(Problem details) Exactly as they appear below, repeat the lines from the one with "- car <box>615,608,684,644</box>" through the one with "- pedestrian <box>374,564,401,608</box>", and no others.

[Data for this exercise — start]

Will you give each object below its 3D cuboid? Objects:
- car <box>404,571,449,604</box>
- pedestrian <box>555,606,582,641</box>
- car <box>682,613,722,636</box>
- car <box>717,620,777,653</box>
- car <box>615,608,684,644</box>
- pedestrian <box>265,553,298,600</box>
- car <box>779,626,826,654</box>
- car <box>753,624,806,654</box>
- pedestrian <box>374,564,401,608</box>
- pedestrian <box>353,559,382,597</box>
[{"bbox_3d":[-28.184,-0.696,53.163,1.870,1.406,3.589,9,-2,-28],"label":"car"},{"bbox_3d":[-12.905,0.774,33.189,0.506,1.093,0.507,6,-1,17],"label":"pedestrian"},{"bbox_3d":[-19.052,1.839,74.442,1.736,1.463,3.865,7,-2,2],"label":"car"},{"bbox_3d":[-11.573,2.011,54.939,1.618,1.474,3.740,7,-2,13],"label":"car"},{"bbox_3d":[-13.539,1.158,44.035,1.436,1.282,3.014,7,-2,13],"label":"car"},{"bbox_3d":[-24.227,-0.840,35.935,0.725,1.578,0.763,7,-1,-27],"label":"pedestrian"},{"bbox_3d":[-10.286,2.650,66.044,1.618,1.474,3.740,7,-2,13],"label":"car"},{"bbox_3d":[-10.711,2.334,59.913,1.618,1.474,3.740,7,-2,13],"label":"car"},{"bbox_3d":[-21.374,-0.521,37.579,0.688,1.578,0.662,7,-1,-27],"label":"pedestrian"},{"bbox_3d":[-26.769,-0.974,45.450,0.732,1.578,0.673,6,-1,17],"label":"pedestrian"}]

[Data for this exercise — finish]

(Task answer)
- car <box>615,608,684,644</box>
- pedestrian <box>265,553,298,600</box>
- car <box>779,626,826,654</box>
- car <box>753,624,806,654</box>
- pedestrian <box>374,564,401,608</box>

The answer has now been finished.